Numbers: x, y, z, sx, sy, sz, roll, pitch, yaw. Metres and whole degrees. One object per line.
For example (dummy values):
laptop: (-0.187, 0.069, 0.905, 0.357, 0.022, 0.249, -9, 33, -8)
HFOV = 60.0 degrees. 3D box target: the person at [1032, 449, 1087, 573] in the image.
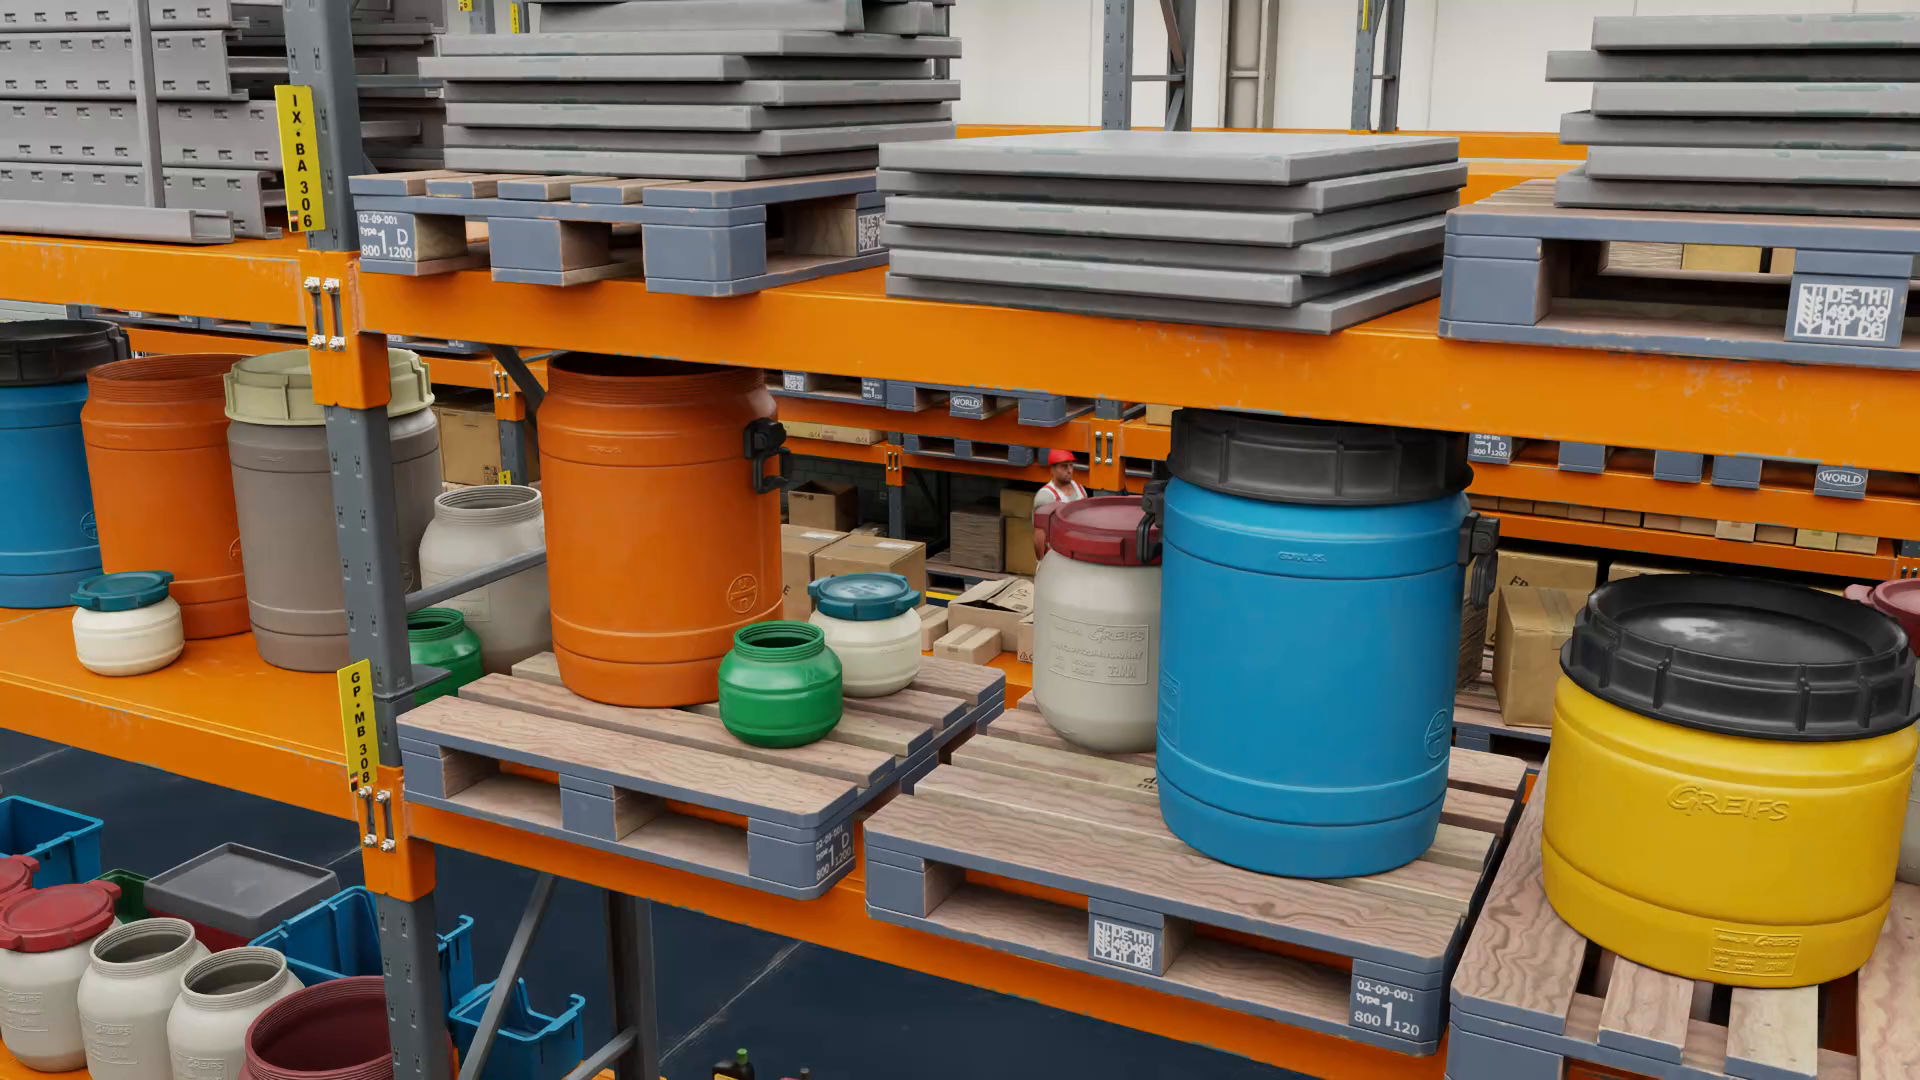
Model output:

......

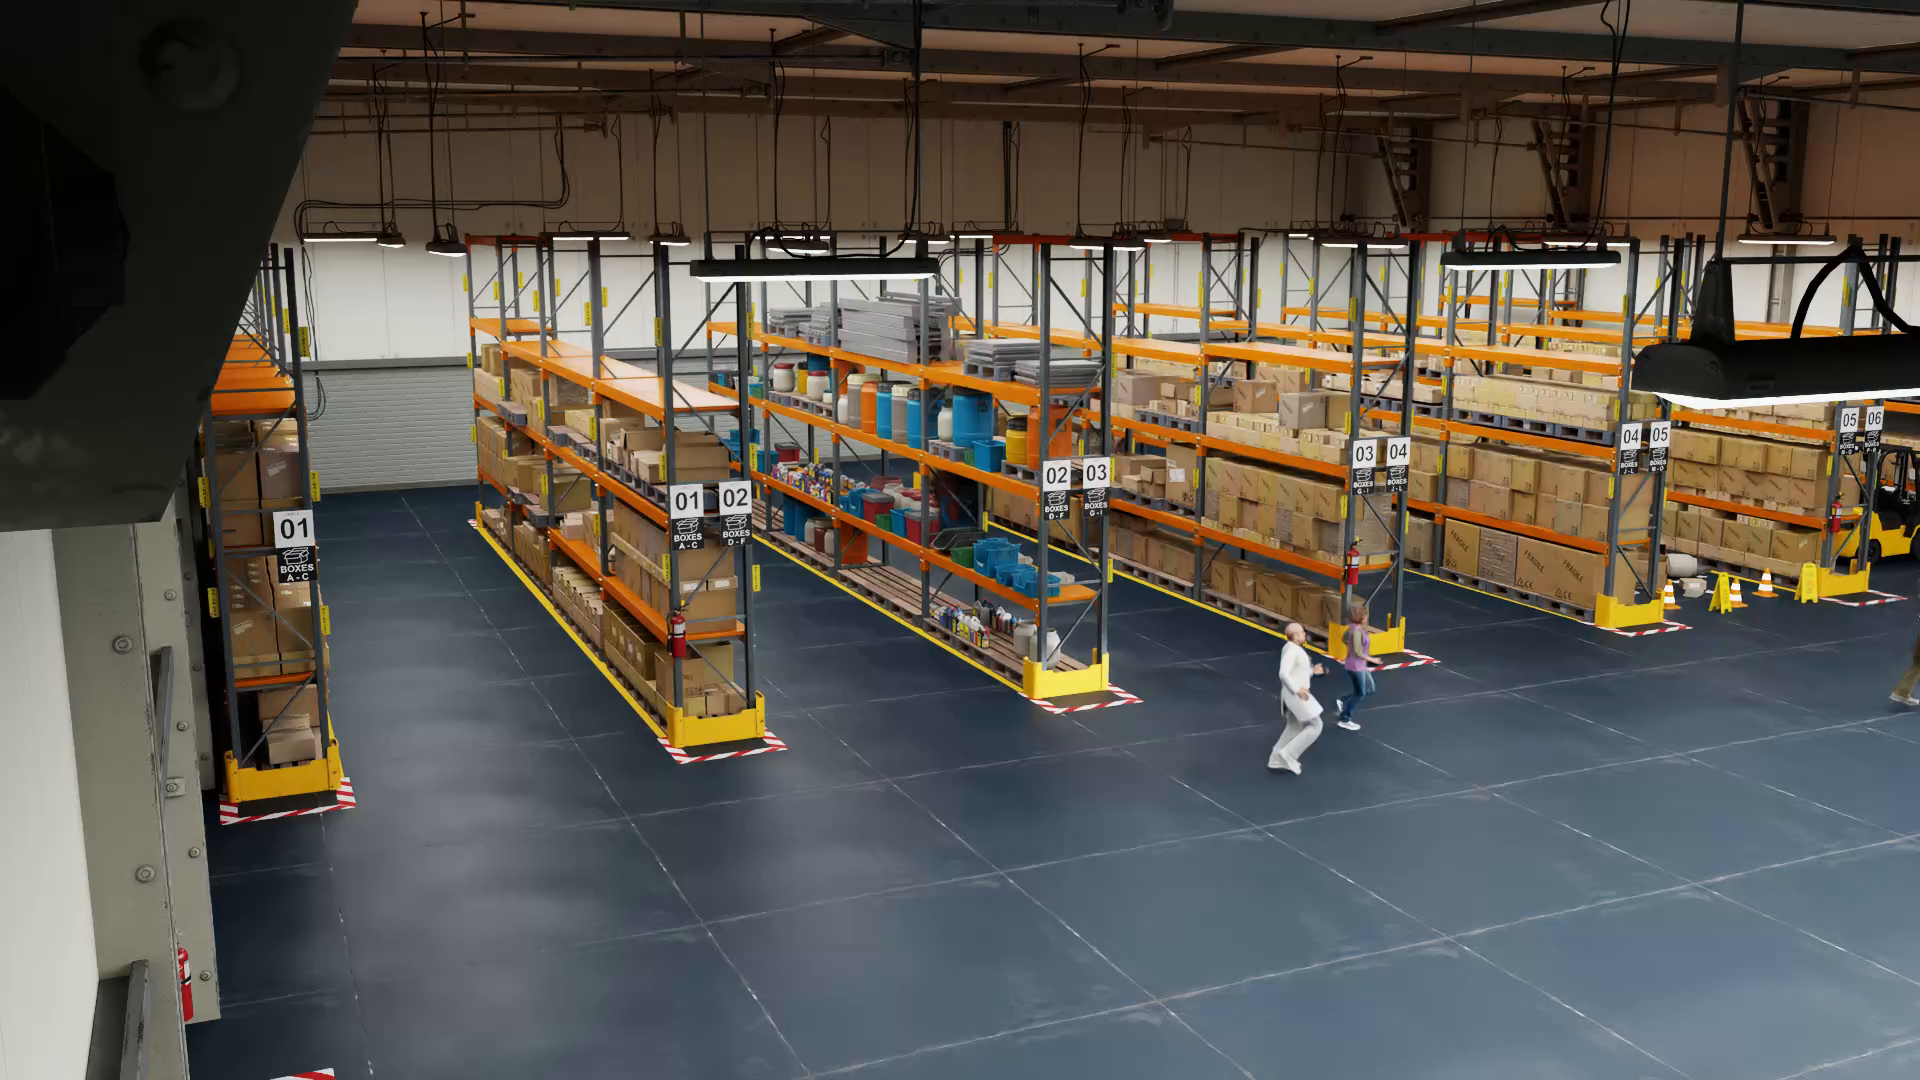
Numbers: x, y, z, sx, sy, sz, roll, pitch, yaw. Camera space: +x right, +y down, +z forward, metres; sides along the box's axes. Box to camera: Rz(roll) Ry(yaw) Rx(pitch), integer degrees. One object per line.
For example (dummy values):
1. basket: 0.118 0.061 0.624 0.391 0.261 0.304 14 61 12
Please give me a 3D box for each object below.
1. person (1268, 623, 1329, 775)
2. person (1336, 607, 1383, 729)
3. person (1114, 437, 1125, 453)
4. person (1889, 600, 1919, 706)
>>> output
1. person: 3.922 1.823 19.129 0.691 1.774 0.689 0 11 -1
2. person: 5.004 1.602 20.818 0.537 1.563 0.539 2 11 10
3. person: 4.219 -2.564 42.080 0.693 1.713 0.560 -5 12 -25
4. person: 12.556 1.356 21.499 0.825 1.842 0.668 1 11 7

......

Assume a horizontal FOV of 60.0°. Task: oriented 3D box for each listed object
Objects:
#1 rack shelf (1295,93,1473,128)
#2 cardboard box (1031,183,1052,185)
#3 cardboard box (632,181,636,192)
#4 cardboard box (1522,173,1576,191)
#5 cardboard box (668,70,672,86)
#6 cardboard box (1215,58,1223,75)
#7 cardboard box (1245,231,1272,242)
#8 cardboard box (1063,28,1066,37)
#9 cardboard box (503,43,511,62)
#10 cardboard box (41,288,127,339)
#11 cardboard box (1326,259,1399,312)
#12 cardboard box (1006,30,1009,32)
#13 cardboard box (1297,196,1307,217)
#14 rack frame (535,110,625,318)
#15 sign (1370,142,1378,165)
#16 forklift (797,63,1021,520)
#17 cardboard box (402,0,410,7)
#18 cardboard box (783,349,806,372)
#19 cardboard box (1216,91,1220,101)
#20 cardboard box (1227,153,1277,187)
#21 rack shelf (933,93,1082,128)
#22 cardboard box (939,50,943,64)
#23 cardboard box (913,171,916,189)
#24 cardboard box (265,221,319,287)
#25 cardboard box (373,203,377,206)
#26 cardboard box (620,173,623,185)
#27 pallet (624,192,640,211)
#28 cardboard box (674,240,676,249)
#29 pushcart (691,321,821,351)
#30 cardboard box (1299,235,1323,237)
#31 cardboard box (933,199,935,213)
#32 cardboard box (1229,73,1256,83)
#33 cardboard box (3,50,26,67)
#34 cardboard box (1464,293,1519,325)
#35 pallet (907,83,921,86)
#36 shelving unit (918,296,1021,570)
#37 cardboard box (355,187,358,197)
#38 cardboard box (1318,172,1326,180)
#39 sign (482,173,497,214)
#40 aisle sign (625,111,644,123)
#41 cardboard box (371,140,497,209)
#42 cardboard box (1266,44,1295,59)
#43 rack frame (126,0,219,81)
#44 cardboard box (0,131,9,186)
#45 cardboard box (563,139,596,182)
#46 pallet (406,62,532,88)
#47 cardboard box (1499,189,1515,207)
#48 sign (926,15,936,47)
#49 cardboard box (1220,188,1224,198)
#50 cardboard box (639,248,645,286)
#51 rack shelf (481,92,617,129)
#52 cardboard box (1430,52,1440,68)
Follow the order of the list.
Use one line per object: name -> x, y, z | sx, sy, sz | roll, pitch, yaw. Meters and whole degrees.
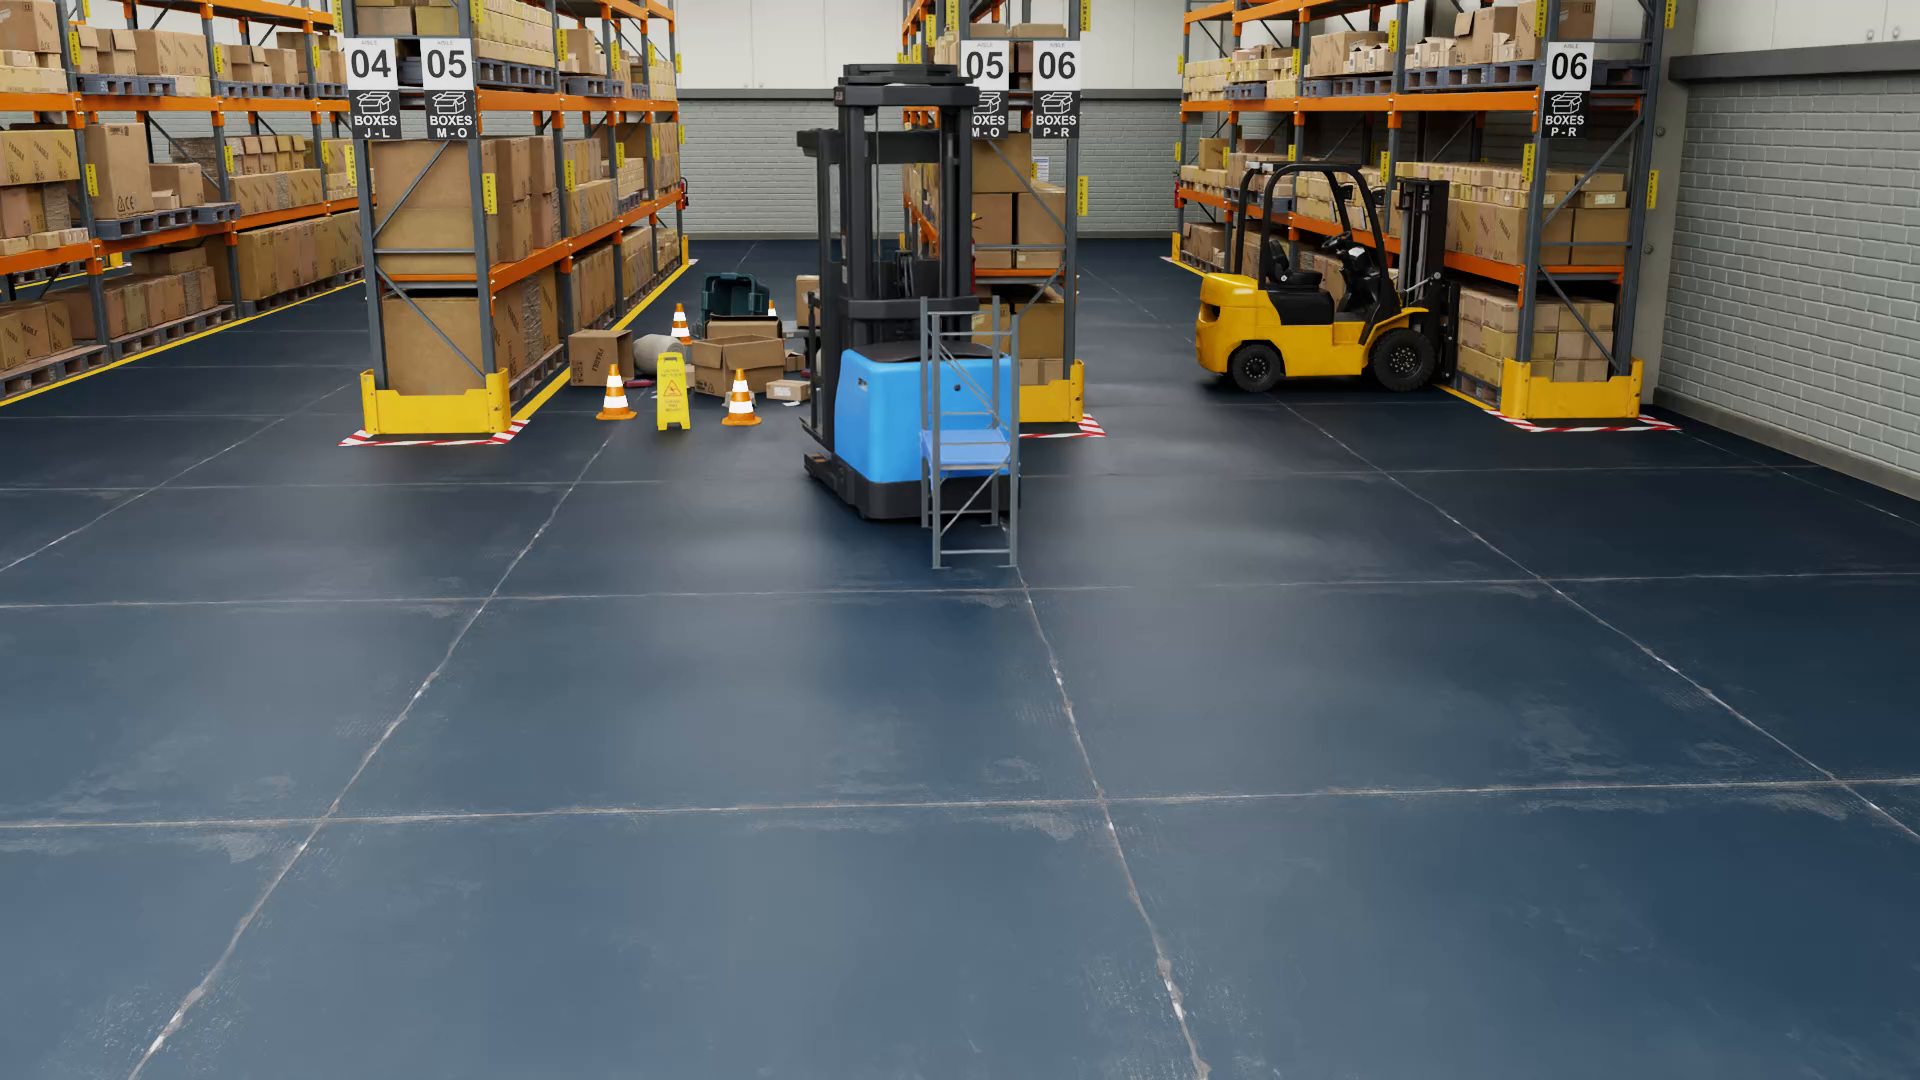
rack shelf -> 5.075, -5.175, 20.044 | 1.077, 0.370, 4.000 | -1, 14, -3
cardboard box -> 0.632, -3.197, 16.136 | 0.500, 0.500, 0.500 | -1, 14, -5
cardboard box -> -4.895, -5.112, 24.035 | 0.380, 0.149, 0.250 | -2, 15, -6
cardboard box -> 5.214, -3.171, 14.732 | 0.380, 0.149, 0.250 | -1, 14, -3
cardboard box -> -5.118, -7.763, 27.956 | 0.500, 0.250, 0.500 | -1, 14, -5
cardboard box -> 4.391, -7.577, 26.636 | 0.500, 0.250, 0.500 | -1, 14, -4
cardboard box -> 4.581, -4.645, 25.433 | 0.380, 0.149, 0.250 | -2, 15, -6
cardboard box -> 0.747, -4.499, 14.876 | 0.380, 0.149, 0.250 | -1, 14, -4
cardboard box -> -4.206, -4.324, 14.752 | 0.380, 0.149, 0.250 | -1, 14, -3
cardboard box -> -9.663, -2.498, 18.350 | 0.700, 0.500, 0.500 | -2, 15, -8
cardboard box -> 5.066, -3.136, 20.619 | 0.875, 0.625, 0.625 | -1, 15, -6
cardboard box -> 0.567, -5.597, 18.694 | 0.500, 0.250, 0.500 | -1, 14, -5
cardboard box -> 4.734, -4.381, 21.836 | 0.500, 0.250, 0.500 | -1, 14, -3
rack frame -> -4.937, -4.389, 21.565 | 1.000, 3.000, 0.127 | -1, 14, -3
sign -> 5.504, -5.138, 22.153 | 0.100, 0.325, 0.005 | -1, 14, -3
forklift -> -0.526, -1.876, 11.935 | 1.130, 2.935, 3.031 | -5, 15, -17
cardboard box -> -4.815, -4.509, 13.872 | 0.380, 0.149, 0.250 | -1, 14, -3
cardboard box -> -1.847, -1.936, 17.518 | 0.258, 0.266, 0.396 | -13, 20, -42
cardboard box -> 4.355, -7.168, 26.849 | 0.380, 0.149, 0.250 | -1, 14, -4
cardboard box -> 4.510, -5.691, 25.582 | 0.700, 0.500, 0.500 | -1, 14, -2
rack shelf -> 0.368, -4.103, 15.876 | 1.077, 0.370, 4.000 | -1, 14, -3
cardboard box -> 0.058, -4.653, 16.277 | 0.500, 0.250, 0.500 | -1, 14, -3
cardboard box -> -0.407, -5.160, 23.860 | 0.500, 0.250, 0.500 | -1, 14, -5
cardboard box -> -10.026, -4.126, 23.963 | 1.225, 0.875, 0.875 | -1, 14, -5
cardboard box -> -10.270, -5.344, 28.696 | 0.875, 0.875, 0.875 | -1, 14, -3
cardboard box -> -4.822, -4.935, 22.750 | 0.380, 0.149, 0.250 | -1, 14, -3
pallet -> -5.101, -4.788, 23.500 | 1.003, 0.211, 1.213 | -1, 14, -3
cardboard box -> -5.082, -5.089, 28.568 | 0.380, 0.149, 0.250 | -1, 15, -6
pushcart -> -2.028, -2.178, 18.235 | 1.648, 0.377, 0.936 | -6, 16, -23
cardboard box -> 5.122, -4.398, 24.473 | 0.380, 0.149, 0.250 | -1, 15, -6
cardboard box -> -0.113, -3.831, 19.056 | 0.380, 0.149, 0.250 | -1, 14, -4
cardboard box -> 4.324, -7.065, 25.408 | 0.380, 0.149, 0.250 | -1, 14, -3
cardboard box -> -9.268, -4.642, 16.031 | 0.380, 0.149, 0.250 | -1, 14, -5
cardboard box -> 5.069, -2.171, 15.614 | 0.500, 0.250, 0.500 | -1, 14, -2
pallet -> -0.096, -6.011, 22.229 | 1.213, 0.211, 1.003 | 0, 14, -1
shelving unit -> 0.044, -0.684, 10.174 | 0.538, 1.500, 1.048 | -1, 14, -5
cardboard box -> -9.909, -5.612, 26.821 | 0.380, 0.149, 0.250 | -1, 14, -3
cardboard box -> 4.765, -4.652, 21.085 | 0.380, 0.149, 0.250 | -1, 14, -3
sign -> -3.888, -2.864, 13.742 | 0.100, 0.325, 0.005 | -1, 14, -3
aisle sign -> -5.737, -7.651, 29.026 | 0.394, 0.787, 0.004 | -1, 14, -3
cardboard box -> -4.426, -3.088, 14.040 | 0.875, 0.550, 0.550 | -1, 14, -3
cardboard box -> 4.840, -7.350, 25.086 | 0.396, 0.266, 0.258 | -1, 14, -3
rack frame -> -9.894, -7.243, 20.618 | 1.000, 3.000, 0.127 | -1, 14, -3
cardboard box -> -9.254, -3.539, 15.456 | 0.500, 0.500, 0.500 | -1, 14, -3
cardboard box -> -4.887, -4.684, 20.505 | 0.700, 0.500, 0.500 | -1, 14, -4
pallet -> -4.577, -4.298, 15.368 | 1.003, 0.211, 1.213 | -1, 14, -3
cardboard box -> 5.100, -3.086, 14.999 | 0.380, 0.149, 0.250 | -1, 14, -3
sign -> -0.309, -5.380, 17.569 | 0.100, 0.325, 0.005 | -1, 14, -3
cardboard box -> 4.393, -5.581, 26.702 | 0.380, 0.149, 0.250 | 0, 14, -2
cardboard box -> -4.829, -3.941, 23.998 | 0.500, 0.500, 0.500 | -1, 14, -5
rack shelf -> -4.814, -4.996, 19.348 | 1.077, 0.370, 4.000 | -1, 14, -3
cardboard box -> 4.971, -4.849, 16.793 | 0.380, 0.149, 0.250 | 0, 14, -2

......

### WORK ORDER
Produce a word-for-word copy of everything above from the line holding "#23 cardboard box (913,171,916,189)" down to the line holding "#43 rack frame (126,0,219,81)", with both of those lines kept.

### RESPONSE
#23 cardboard box (913,171,916,189)
#24 cardboard box (265,221,319,287)
#25 cardboard box (373,203,377,206)
#26 cardboard box (620,173,623,185)
#27 pallet (624,192,640,211)
#28 cardboard box (674,240,676,249)
#29 pushcart (691,321,821,351)
#30 cardboard box (1299,235,1323,237)
#31 cardboard box (933,199,935,213)
#32 cardboard box (1229,73,1256,83)
#33 cardboard box (3,50,26,67)
#34 cardboard box (1464,293,1519,325)
#35 pallet (907,83,921,86)
#36 shelving unit (918,296,1021,570)
#37 cardboard box (355,187,358,197)
#38 cardboard box (1318,172,1326,180)
#39 sign (482,173,497,214)
#40 aisle sign (625,111,644,123)
#41 cardboard box (371,140,497,209)
#42 cardboard box (1266,44,1295,59)
#43 rack frame (126,0,219,81)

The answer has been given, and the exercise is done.